━━━ DATA FOR ANALYSIS ━━━
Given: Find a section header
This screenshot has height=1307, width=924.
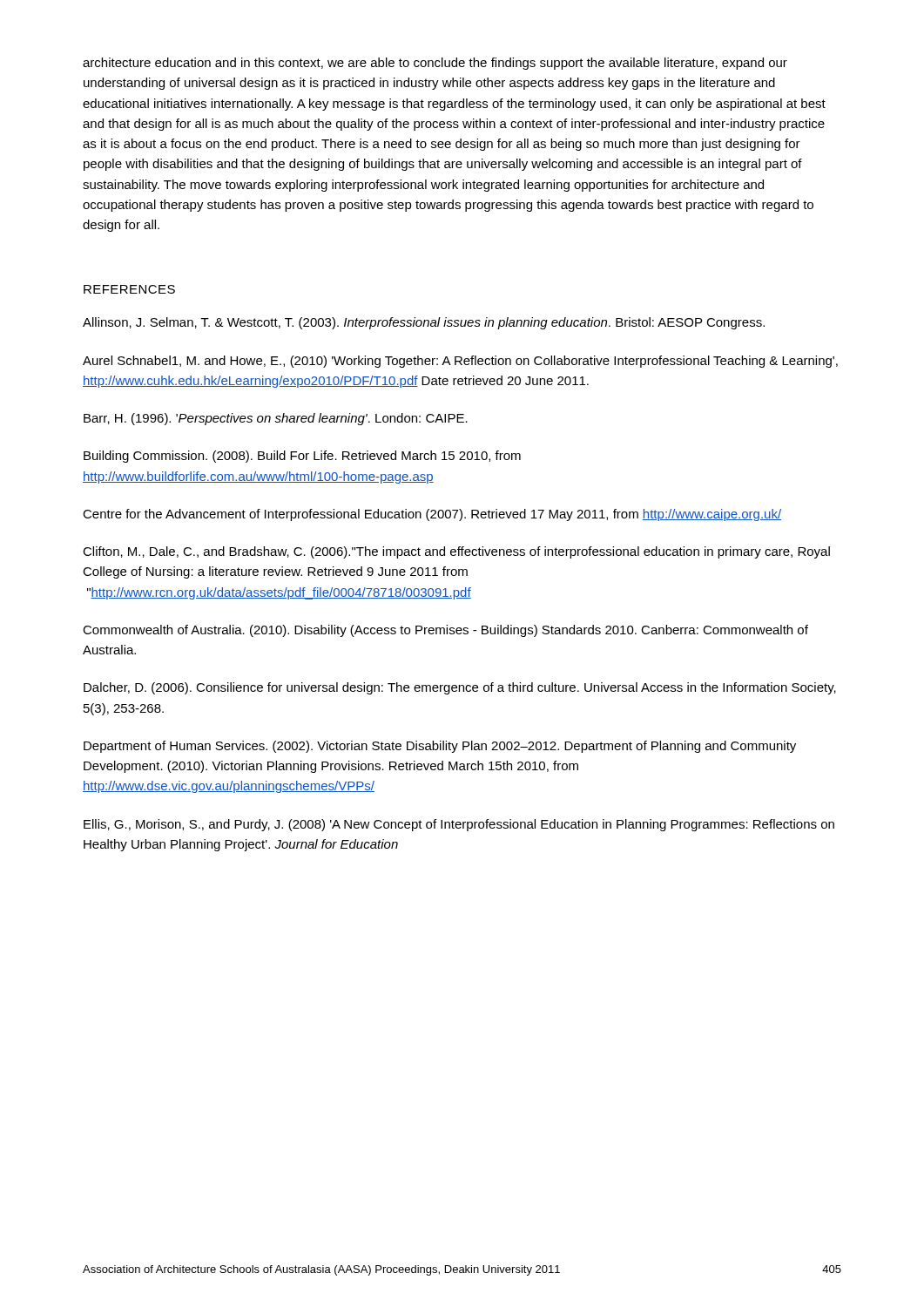Looking at the screenshot, I should tap(129, 289).

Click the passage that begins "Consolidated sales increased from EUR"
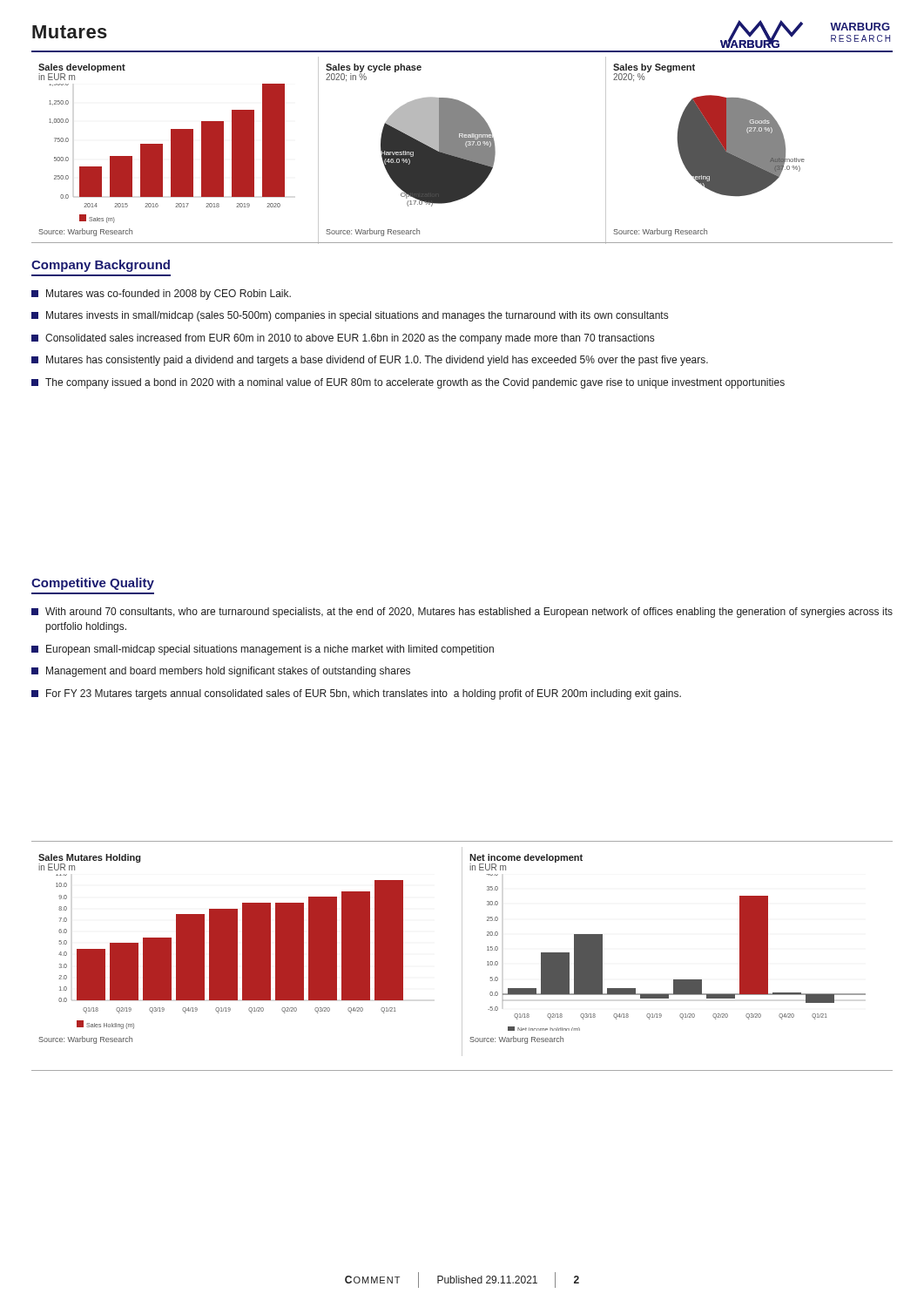pos(343,339)
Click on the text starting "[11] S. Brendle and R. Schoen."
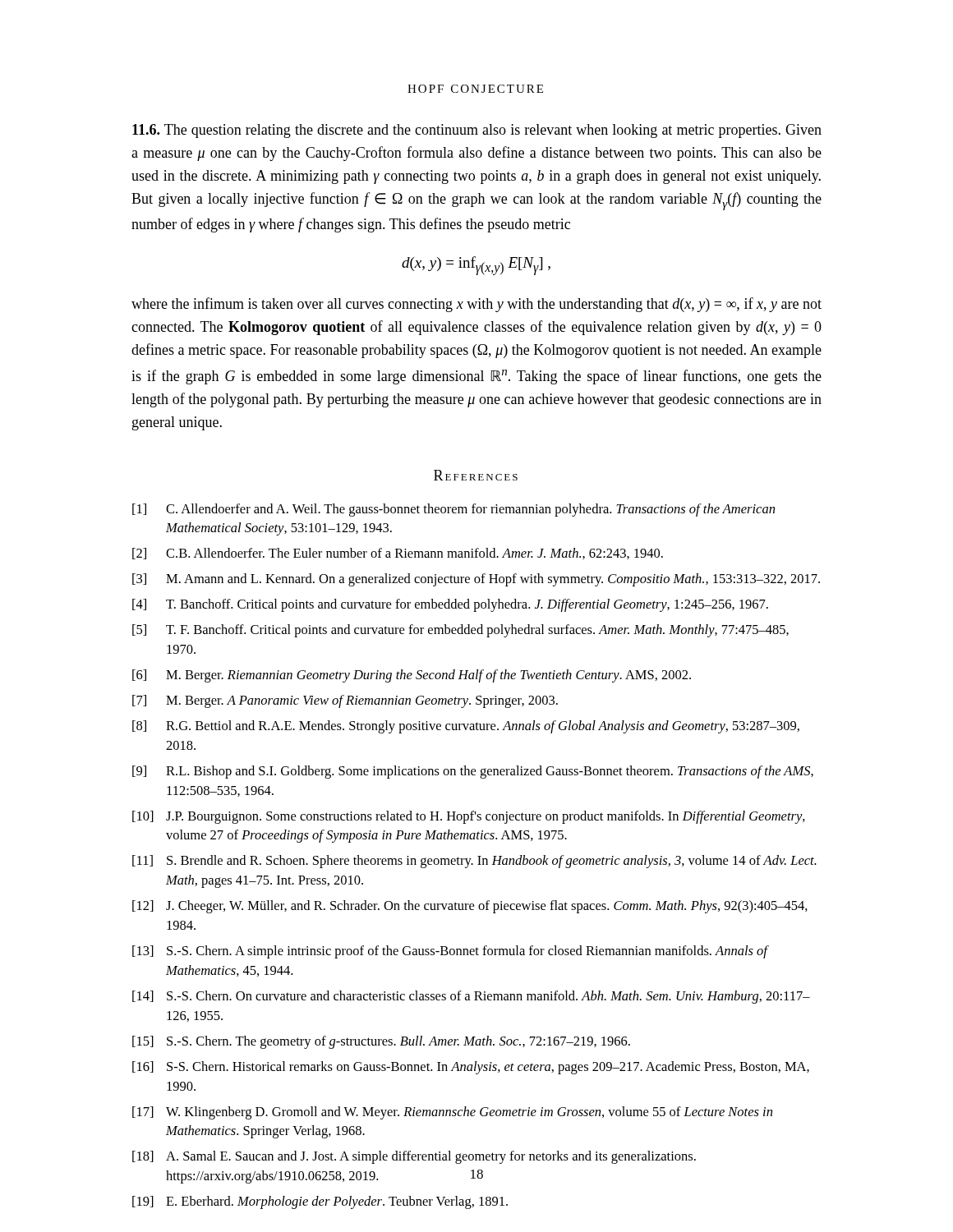This screenshot has height=1232, width=953. 476,871
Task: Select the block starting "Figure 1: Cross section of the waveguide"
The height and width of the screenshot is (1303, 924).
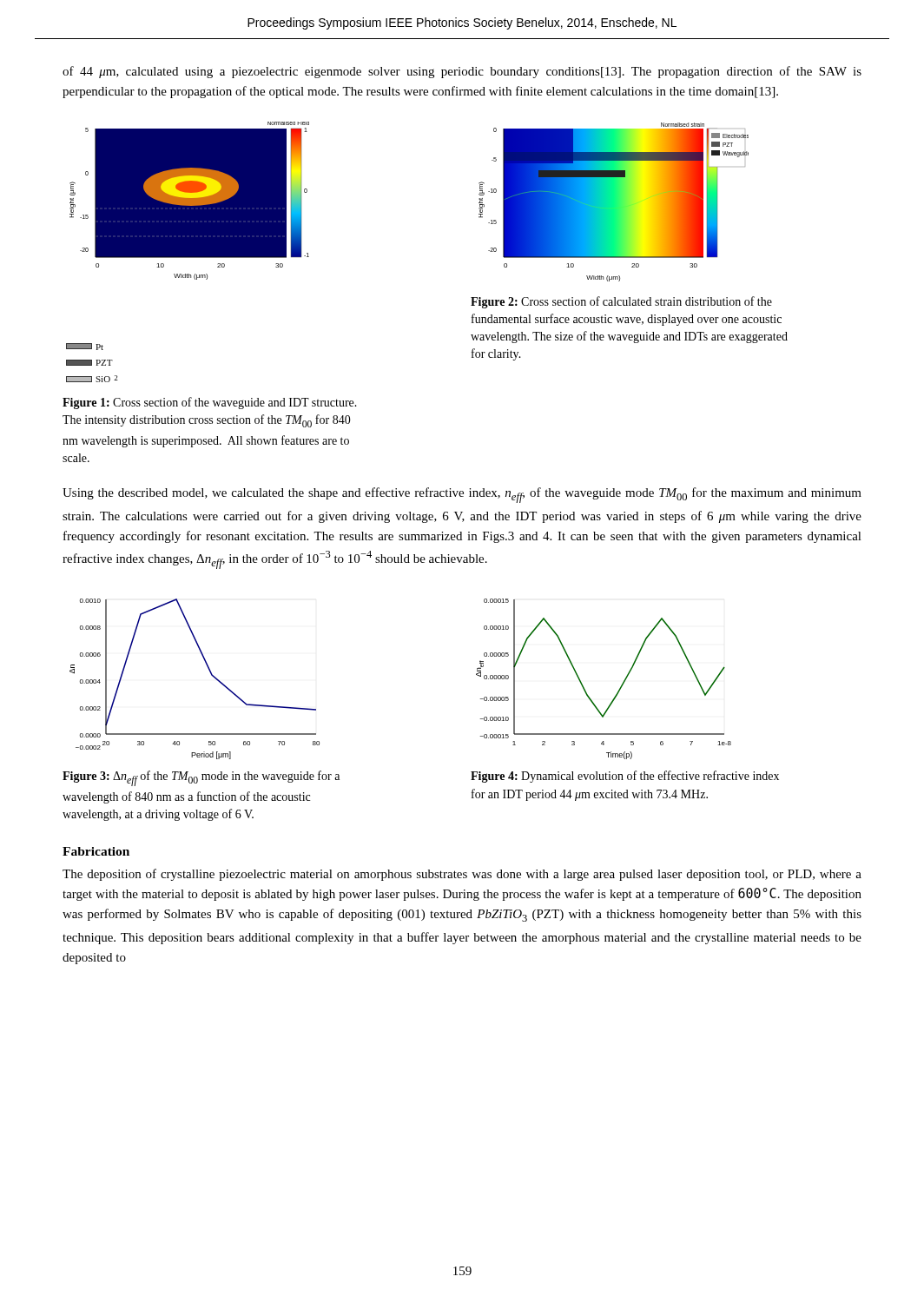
━━━
Exact copy, pictures excluded: restate every record above word for word.

▶ **OUTPUT BELOW**
Given: Find a section header
This screenshot has height=1307, width=924.
Looking at the screenshot, I should tap(129, 289).

Click the passage that begins "Consolidated sales increased from EUR"
pos(343,339)
Click on the text starting "[11] S. Brendle and R. Schoen."
This screenshot has height=1232, width=953. 476,871
Task: Select the block starting "Figure 1: Cross section of the waveguide"
The height and width of the screenshot is (1303, 924).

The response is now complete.